In a beautiful office space over 600-feet above Grand Central on a blueish day where the air was Canadian smoke-free enough so that you could almost see down to the bubbling asphalt at street-level.
Since covid and, worse, covid-disinformation, darkened the world, in-person meetings have become all-too infrequent. While I'm no great fan of undue schlepping, there is much to be said for shaking someone's hand, sitting down with them and talking through client problems, or as account people call them, opportunities.
This client is the best kind of client.
Not because of their size, or the quality of the seltzer in their office, or how much they pay me, or even because I like them personally.
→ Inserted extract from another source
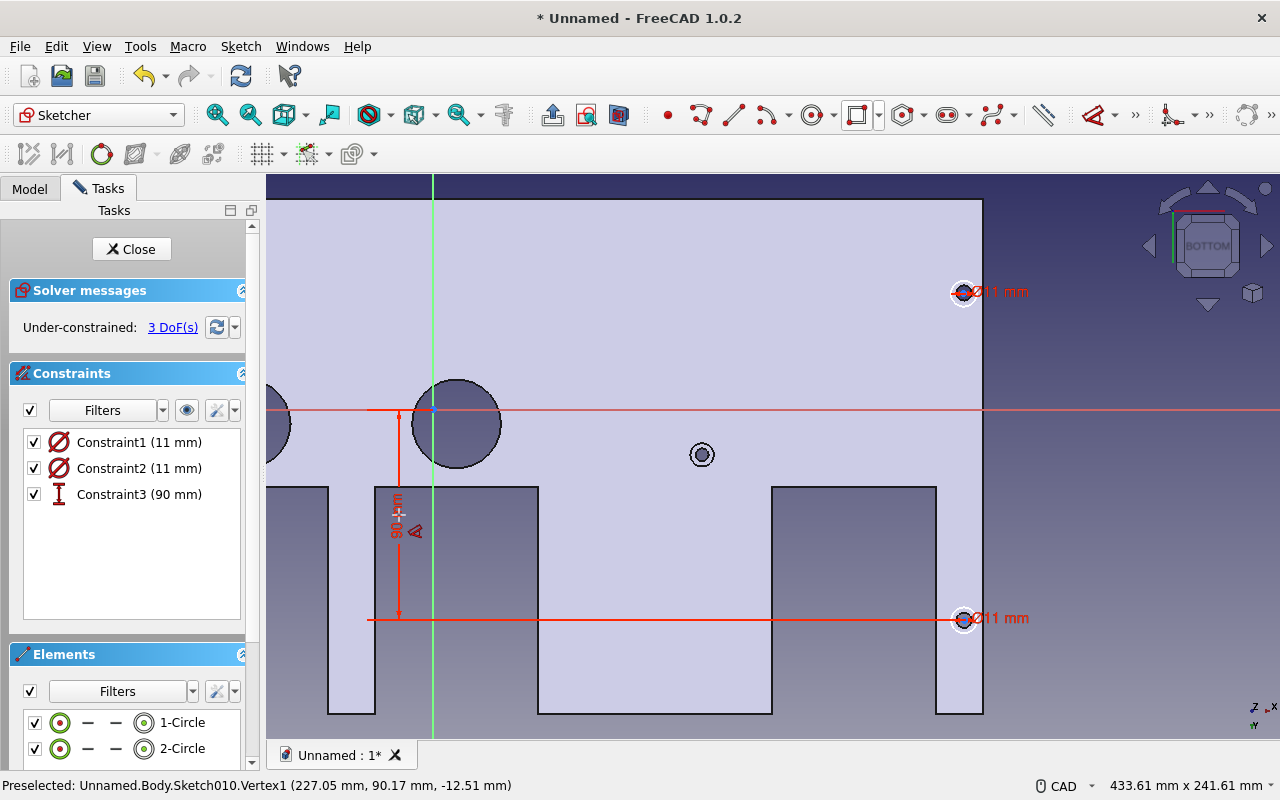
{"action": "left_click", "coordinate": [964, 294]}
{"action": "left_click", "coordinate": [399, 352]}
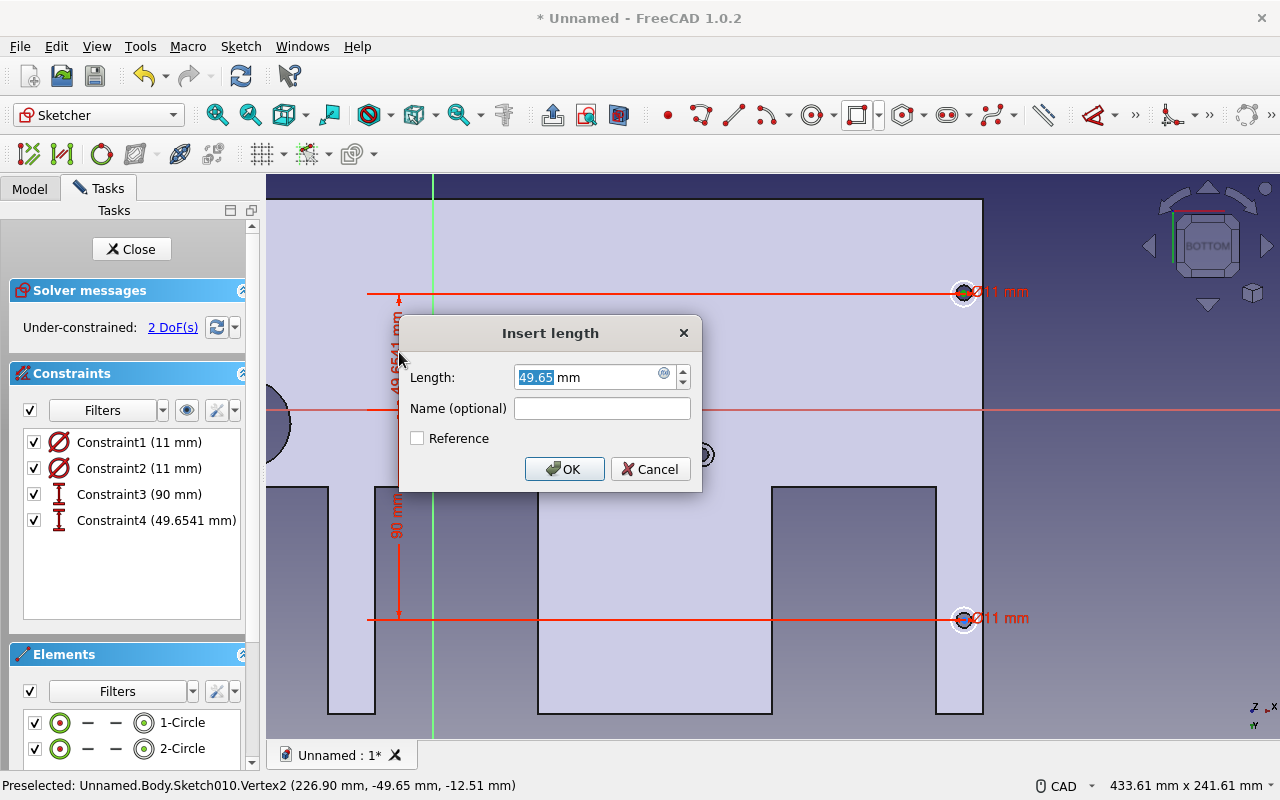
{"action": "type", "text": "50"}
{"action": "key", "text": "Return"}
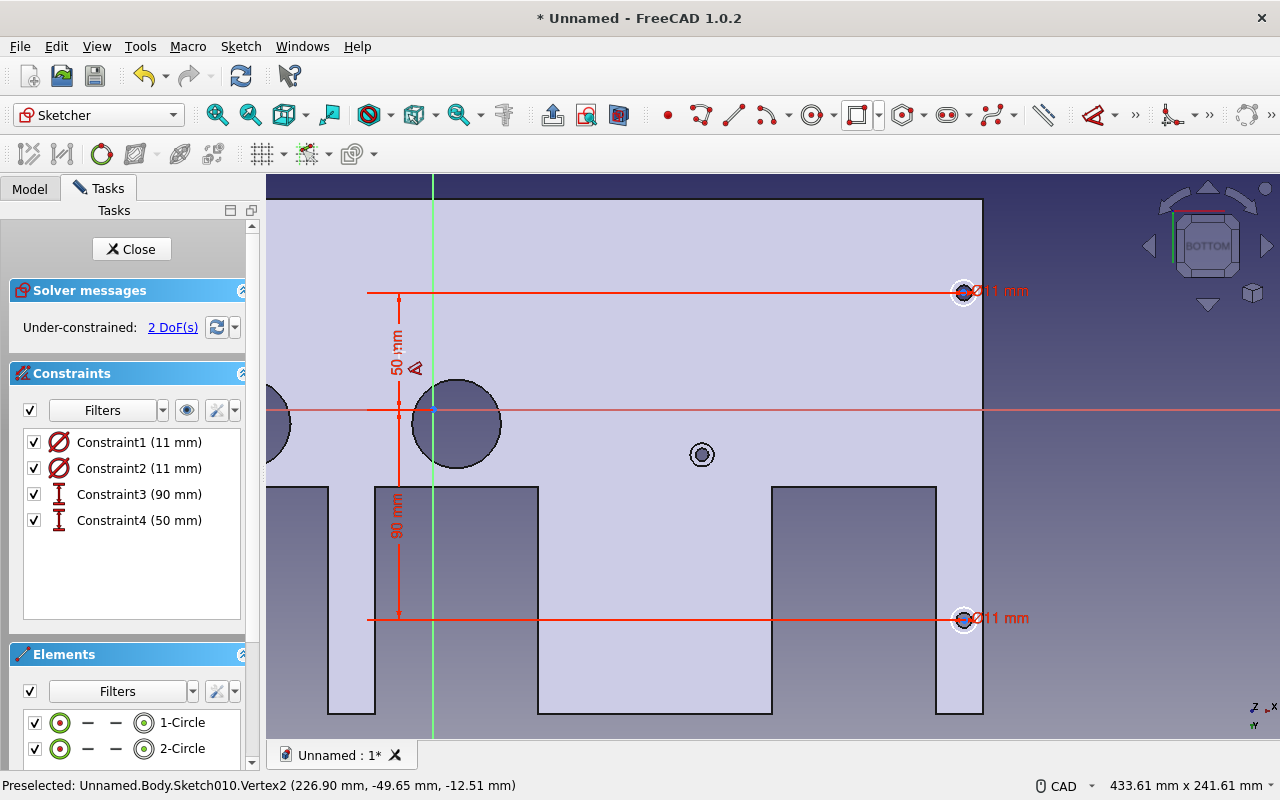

They're the best kind of client because they spit.
Let me explain.
After my meeting last night, I hustled uptown on the number 5 Lexington train to meet a friend and fellow ad-guy at a relic of a restaurant, an old Irish bar on Lexington in the low 60s called Donohue's. It's the kind of place Ray Milland might have stumbled into looking for an alcohol coma in Billy Wilder's great movie "The Lost Weekend."
The decor I'm sure is the same as it was in the early 1950s, as are the gum-cracking-Rosalind-Russell-waitresses. In fact, the only thing that's changed about Donohue's is the prices. A Caesar salad with grilled chicken rang in at $32 which might have led Caesar himself to say, "Veni, Vidi, Brown-baggi."
I was telling my friend about my client meeting and this came out.
"Without over-using the word 'genius' as so many people do today, I've worked with a few geniuses in my time. And one thing they have in common is they often spit when they talk.
"Errol Morris, so-and-so and so-and-so. So-and-so spits all the time."
"Definitely," my friend replied. "So-and-so froths, and so does so-and-so." He mentioned two of the biggest names in advertising from about 1970 till today.
"That's what I had today. Enthusiasm. Excitement. Spitting."
In the Corporatist, Private Equity, Plunderocractic world we live in, it's considered gauche to have a pulse, to get excited, to gush with enthusiasm. Our spiritual role models these days are the tight-assed, thin-lipped money guys with names like J. Frotherington Snottingham.
To them, any display of humanity, including but not limited to the effusion of vital bodily fluids is to be scorned. They are cold, analytical and emotionless. And that's on a good day.
Imagine if PowerPoint was a person and you've got it.
Since I was 29, I've worked for about a dozen Hall-of-Famers. They all, even if their glory days were long gone, spit.
They all couldn't contain their enthusiasms.
Today we live in a technocratic world where enthusiasm, even energy, are all-but mandated out of the system.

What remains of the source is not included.